*Work task*
Give the number of lines in the material below that contain the word "Steven". No other content is needed.

*Provided records*
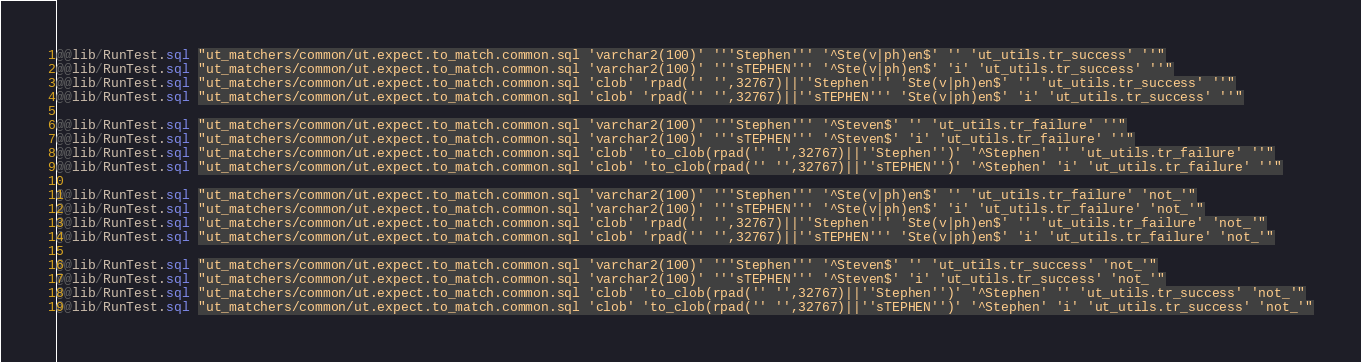Convert code to text. <code><loc_0><loc_0><loc_500><loc_500><_SQL_>@@lib/RunTest.sql "ut_matchers/common/ut.expect.to_match.common.sql 'varchar2(100)' '''Stephen''' '^Ste(v|ph)en$' '' 'ut_utils.tr_success' ''"
@@lib/RunTest.sql "ut_matchers/common/ut.expect.to_match.common.sql 'varchar2(100)' '''sTEPHEN''' '^Ste(v|ph)en$' 'i' 'ut_utils.tr_success' ''"
@@lib/RunTest.sql "ut_matchers/common/ut.expect.to_match.common.sql 'clob' 'rpad('' '',32767)||''Stephen''' 'Ste(v|ph)en$' '' 'ut_utils.tr_success' ''"
@@lib/RunTest.sql "ut_matchers/common/ut.expect.to_match.common.sql 'clob' 'rpad('' '',32767)||''sTEPHEN''' 'Ste(v|ph)en$' 'i' 'ut_utils.tr_success' ''"

@@lib/RunTest.sql "ut_matchers/common/ut.expect.to_match.common.sql 'varchar2(100)' '''Stephen''' '^Steven$' '' 'ut_utils.tr_failure' ''"
@@lib/RunTest.sql "ut_matchers/common/ut.expect.to_match.common.sql 'varchar2(100)' '''sTEPHEN''' '^Steven$' 'i' 'ut_utils.tr_failure' ''"
@@lib/RunTest.sql "ut_matchers/common/ut.expect.to_match.common.sql 'clob' 'to_clob(rpad('' '',32767)||''Stephen'')' '^Stephen' '' 'ut_utils.tr_failure' ''"
@@lib/RunTest.sql "ut_matchers/common/ut.expect.to_match.common.sql 'clob' 'to_clob(rpad('' '',32767)||''sTEPHEN'')' '^Stephen' 'i' 'ut_utils.tr_failure' ''"

@@lib/RunTest.sql "ut_matchers/common/ut.expect.to_match.common.sql 'varchar2(100)' '''Stephen''' '^Ste(v|ph)en$' '' 'ut_utils.tr_failure' 'not_'"
@@lib/RunTest.sql "ut_matchers/common/ut.expect.to_match.common.sql 'varchar2(100)' '''sTEPHEN''' '^Ste(v|ph)en$' 'i' 'ut_utils.tr_failure' 'not_'"
@@lib/RunTest.sql "ut_matchers/common/ut.expect.to_match.common.sql 'clob' 'rpad('' '',32767)||''Stephen''' 'Ste(v|ph)en$' '' 'ut_utils.tr_failure' 'not_'"
@@lib/RunTest.sql "ut_matchers/common/ut.expect.to_match.common.sql 'clob' 'rpad('' '',32767)||''sTEPHEN''' 'Ste(v|ph)en$' 'i' 'ut_utils.tr_failure' 'not_'"

@@lib/RunTest.sql "ut_matchers/common/ut.expect.to_match.common.sql 'varchar2(100)' '''Stephen''' '^Steven$' '' 'ut_utils.tr_success' 'not_'"
@@lib/RunTest.sql "ut_matchers/common/ut.expect.to_match.common.sql 'varchar2(100)' '''sTEPHEN''' '^Steven$' 'i' 'ut_utils.tr_success' 'not_'"
@@lib/RunTest.sql "ut_matchers/common/ut.expect.to_match.common.sql 'clob' 'to_clob(rpad('' '',32767)||''Stephen'')' '^Stephen' '' 'ut_utils.tr_success' 'not_'"
@@lib/RunTest.sql "ut_matchers/common/ut.expect.to_match.common.sql 'clob' 'to_clob(rpad('' '',32767)||''sTEPHEN'')' '^Stephen' 'i' 'ut_utils.tr_success' 'not_'"
</code>

*Result*
4